In 1995 Charles Smith's sculpture and his African/American Heritage museum, Aurora, Il site were presented in an exhibit "Straight At The Heart" at The Wright Museum of Art, Beloit College, Beloit, WI, curated by Debra N. Mancoff, PhD.

==Works==
Smith heavily uses metaphor, symbolism, news stories, historical narratives and his own experiences in the formal choices and spatial relationships of his sculptures to create his dense art environments. Visitors weave around the pieces following his often life-sized dioramas and the literal path he has made for tours. Besides his life experience, his motivation is to heal the world by educating people about Black history through his work. The installation was constantly evolving and changing as Smith built new work. "Everything moves along extemporaneously as God moves me. He shows me how to do it, where to put it, and how to construct it." Smith said.
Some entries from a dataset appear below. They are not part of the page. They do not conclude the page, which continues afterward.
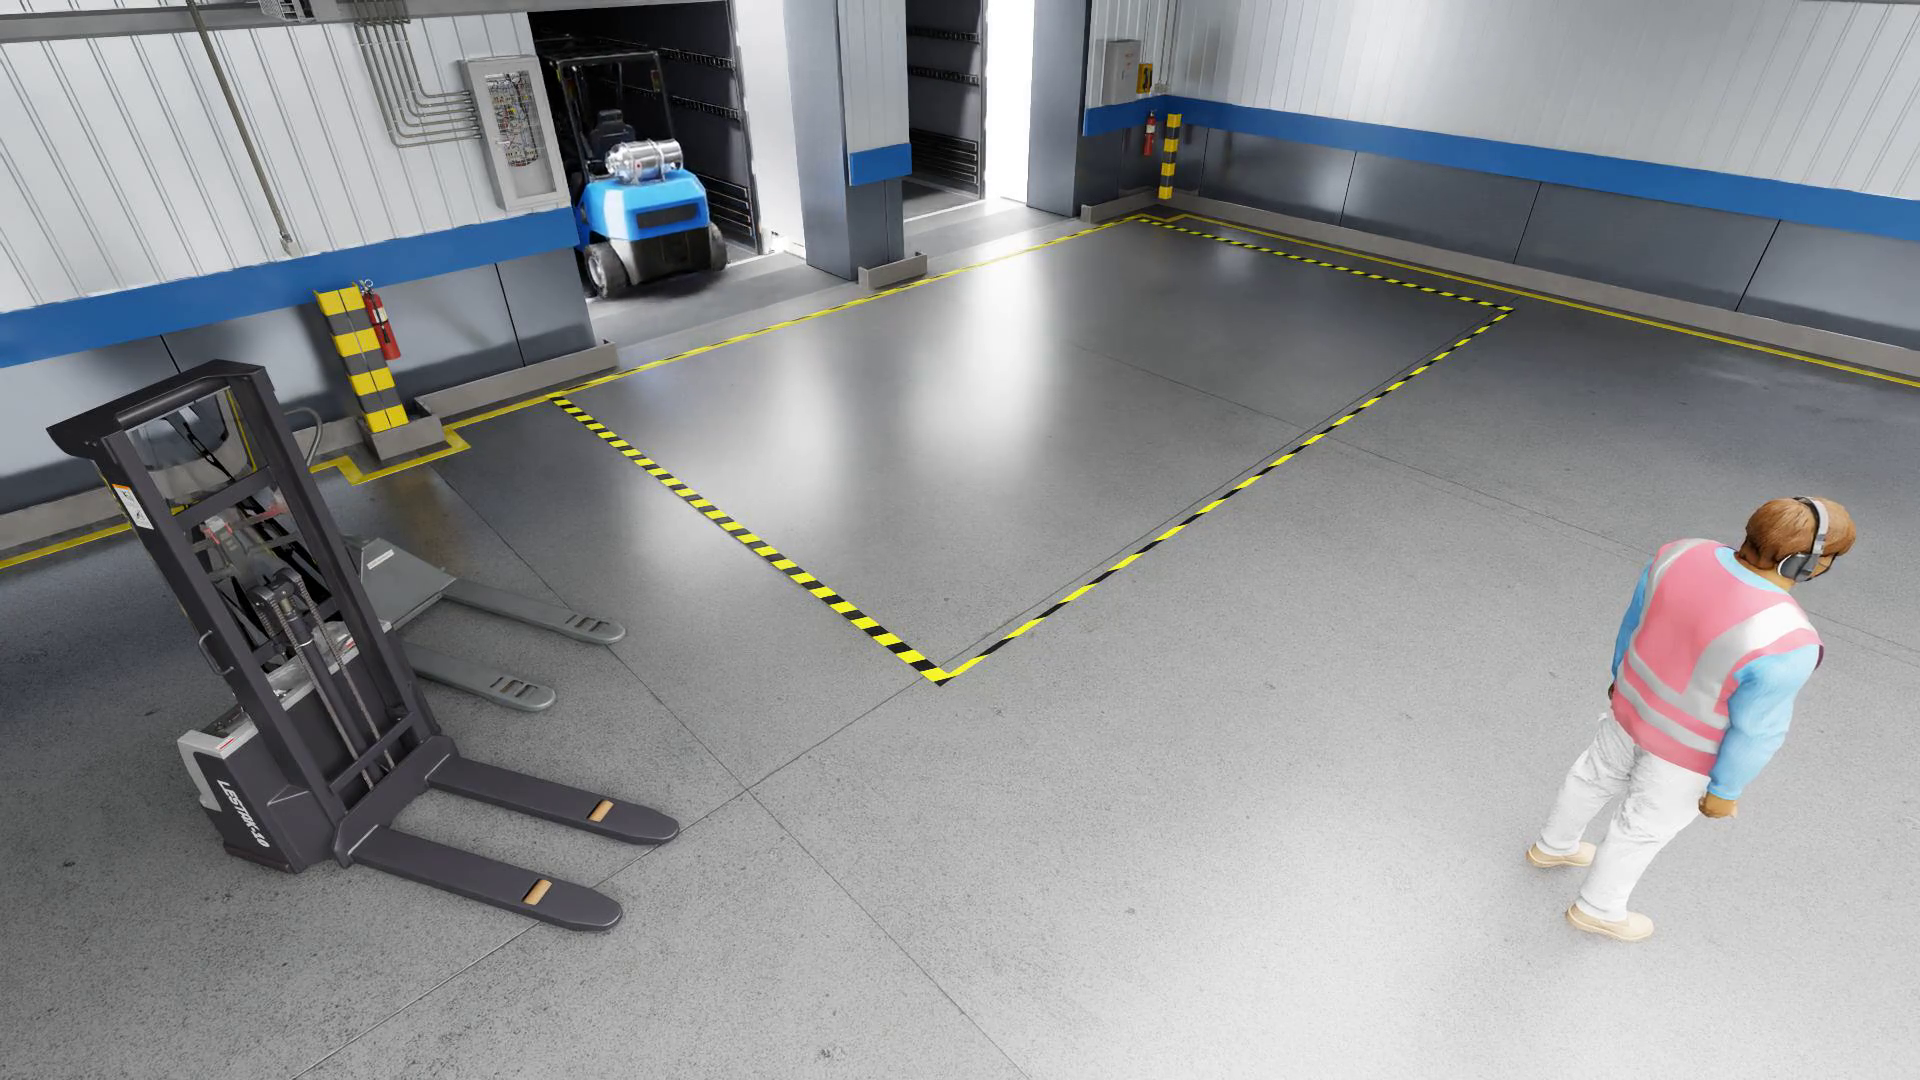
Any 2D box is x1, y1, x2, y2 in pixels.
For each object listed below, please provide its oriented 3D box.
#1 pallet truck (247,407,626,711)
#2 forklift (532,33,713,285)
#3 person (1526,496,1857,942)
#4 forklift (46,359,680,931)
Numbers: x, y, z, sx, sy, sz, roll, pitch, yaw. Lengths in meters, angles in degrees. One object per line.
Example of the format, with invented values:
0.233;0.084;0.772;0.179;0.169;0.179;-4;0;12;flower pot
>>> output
-2.628;0.038;4.590;1.601;1.201;0.680;12;36;18;pallet truck
-3.721;-4.045;9.587;1.157;2.036;2.680;-26;42;-33;forklift
2.476;0.648;3.161;0.429;1.840;0.632;0;34;0;person
-2.135;0.422;3.354;1.885;1.965;0.823;10;35;14;forklift
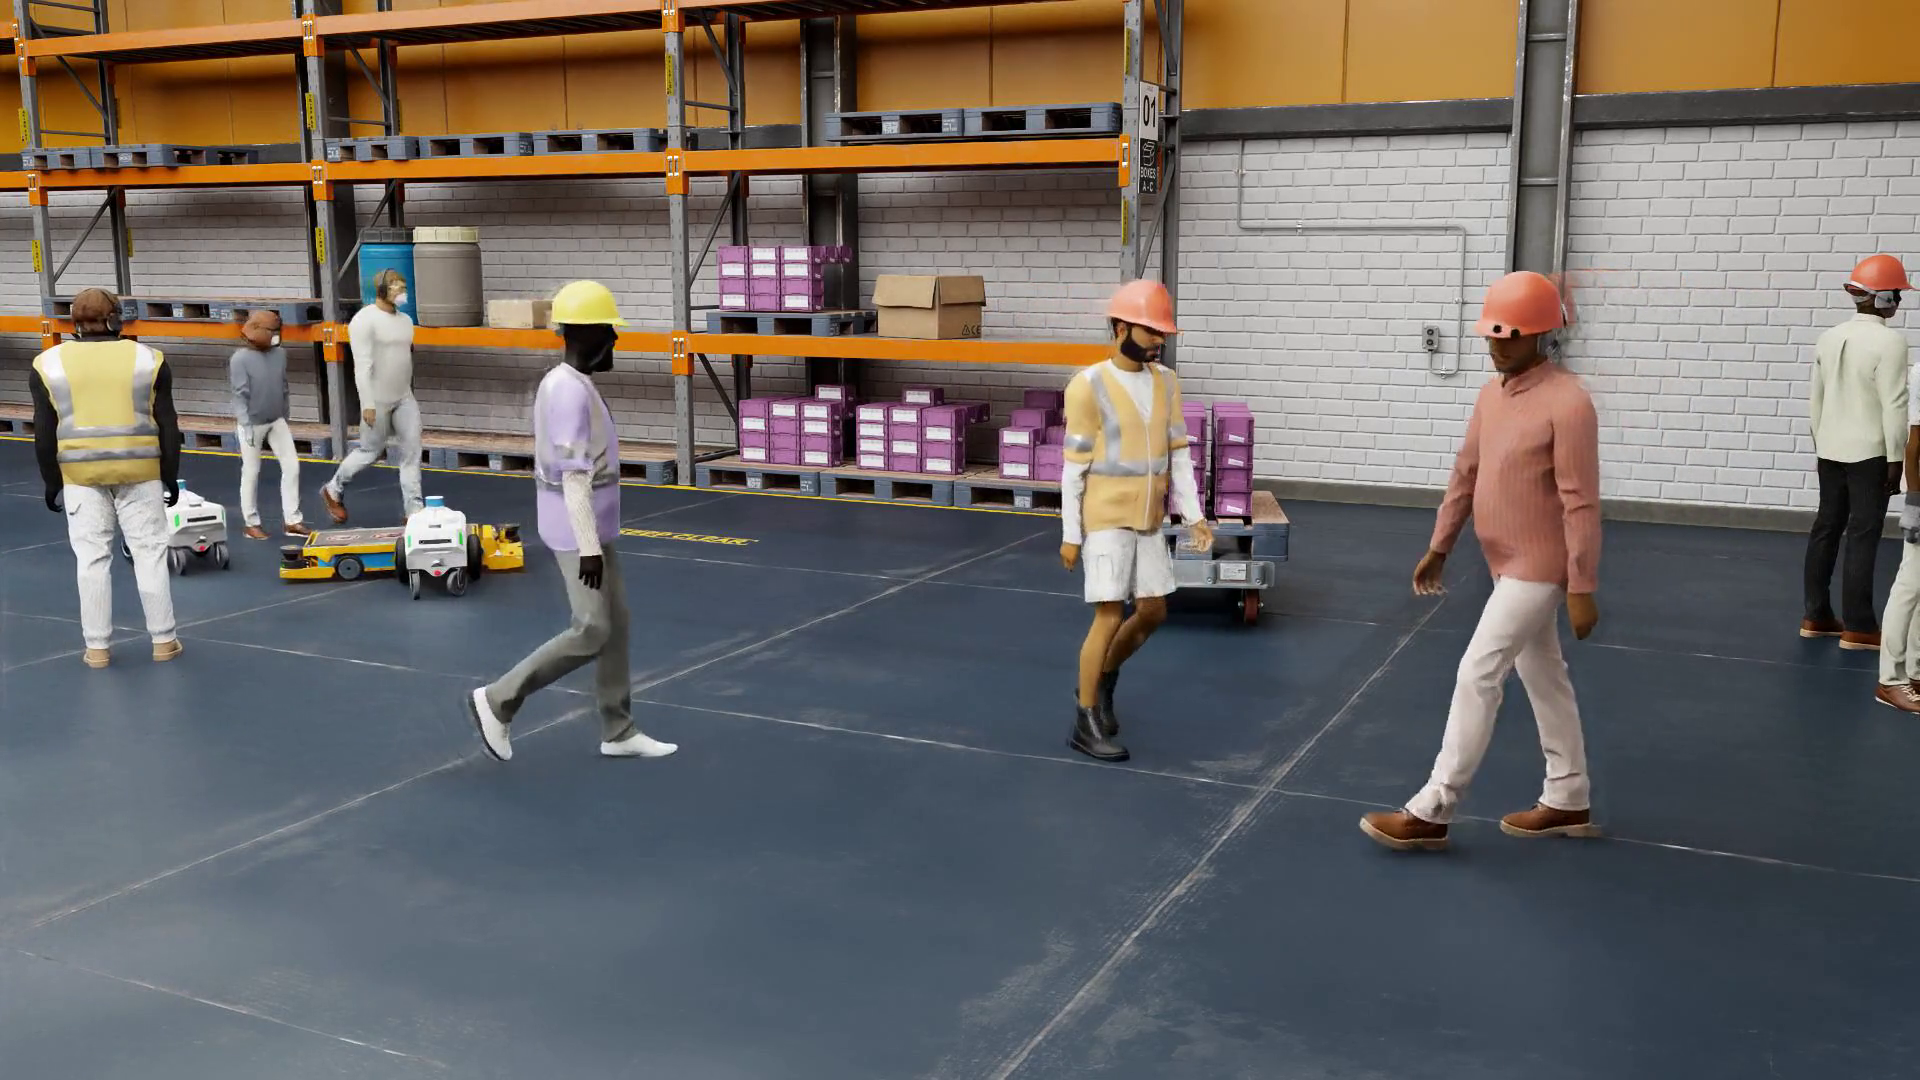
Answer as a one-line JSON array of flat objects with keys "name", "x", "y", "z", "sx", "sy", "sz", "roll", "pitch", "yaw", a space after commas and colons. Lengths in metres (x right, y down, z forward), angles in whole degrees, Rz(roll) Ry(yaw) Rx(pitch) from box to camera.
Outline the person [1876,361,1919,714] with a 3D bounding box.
[{"name": "person", "x": 4.333, "y": -0.174, "z": 7.317, "sx": 0.517, "sy": 1.864, "sz": 0.334, "roll": -6, "pitch": 11, "yaw": -29}]

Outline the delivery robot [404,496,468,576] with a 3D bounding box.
[{"name": "delivery robot", "x": -3.117, "y": -0.019, "z": 9.904, "sx": 0.477, "sy": 0.478, "sz": 0.707, "roll": -3, "pitch": 10, "yaw": -16}]

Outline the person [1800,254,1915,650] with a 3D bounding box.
[{"name": "person", "x": 4.594, "y": -0.445, "z": 8.486, "sx": 0.378, "sy": 1.996, "sz": 0.611, "roll": -2, "pitch": 10, "yaw": -11}]

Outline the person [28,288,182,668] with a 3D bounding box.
[{"name": "person", "x": -4.135, "y": -0.300, "z": 8.109, "sx": 0.625, "sy": 1.840, "sz": 0.430, "roll": -5, "pitch": 11, "yaw": -24}]

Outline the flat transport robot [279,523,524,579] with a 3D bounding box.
[{"name": "flat transport robot", "x": -3.515, "y": 0.059, "z": 10.539, "sx": 1.431, "sy": 0.197, "sz": 0.652, "roll": -3, "pitch": 10, "yaw": -16}]

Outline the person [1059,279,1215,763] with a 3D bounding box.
[{"name": "person", "x": 0.648, "y": -0.091, "z": 6.703, "sx": 0.558, "sy": 1.908, "sz": 0.594, "roll": -7, "pitch": 12, "yaw": -36}]

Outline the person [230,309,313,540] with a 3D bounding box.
[{"name": "person", "x": -4.785, "y": -0.784, "z": 11.520, "sx": 0.670, "sy": 1.609, "sz": 0.547, "roll": 5, "pitch": 11, "yaw": 28}]

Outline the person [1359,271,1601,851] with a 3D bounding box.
[{"name": "person", "x": 1.761, "y": 0.088, "z": 5.559, "sx": 0.969, "sy": 1.938, "sz": 0.645, "roll": 0, "pitch": 10, "yaw": -1}]

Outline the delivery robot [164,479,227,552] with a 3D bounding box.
[{"name": "delivery robot", "x": -4.984, "y": -0.143, "z": 10.611, "sx": 0.707, "sy": 0.478, "sz": 0.477, "roll": 9, "pitch": 13, "yaw": 42}]

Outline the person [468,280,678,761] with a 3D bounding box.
[{"name": "person", "x": -1.514, "y": -0.048, "z": 6.458, "sx": 0.706, "sy": 1.911, "sz": 0.596, "roll": -1, "pitch": 10, "yaw": -6}]

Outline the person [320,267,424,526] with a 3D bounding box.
[{"name": "person", "x": -4.231, "y": -1.016, "z": 12.055, "sx": 0.910, "sy": 1.909, "sz": 0.648, "roll": 4, "pitch": 11, "yaw": 22}]

Middle Passage was created out of large rock, broken concrete, and wood. It depicted the narrative of Black people in Africa, going through the Middle Passage and into slavery. The work was installed on North Avenue at South Kendall Street in Aurora, Illinois. The sculpture acted as a perimeter protecting to his environment and went on to include imagery from the Civil Rights Movement, all with three-quarters to life sized figures. Most of his work is built with found materials with a cement mixture covering armatures and then painted. He calls the patina the sculptures gain through exposure to the outdoor elements "weatherization."
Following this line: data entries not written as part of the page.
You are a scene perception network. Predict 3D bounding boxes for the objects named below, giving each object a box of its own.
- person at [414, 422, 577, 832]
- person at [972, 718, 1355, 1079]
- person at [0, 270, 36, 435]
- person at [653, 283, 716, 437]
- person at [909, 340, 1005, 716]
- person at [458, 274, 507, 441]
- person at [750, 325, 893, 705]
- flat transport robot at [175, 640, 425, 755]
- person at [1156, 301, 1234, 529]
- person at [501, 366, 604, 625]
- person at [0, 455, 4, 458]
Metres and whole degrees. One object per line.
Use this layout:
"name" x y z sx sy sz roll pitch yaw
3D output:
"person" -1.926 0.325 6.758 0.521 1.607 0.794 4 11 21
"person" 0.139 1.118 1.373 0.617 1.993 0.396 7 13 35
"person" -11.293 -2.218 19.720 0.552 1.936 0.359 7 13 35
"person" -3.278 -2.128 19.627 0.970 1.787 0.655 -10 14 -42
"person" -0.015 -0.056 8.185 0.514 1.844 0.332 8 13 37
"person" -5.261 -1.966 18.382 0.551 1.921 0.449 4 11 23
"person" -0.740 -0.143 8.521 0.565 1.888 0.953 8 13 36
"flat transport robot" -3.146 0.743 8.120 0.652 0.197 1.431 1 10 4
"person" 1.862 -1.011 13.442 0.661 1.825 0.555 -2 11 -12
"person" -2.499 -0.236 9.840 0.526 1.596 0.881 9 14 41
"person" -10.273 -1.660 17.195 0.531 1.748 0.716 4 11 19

Sergeant Ramey was at the center of his Aurora property atop his roof. It is a memorial depicting one of Smith's close friends who died in combat, a memory that stays with Smith.

Smith's goal has been to teach Black youth about their history and he wants to have work installed at certain points along I-55 to memorialize not only the Great Migration but also his family's migration from New Orleans to Chicago. Each site would document and offer healing lessons on Black history.

==Personal life==
Smith was married in 1964 and divorced after his return from combat in 1968. Alongside his sculptural work Smith was an ordained minister. He was a pastor at God's House of Prayer and Holiness in Memphis Tennessee.

Much of his work outside of his sculpture is working to help heal people psychologically. He's advocated for other Vietnam veterans, worked with the Congressional Black Caucus on Agent Orange and on Jesse Jackson's PUSH coalition.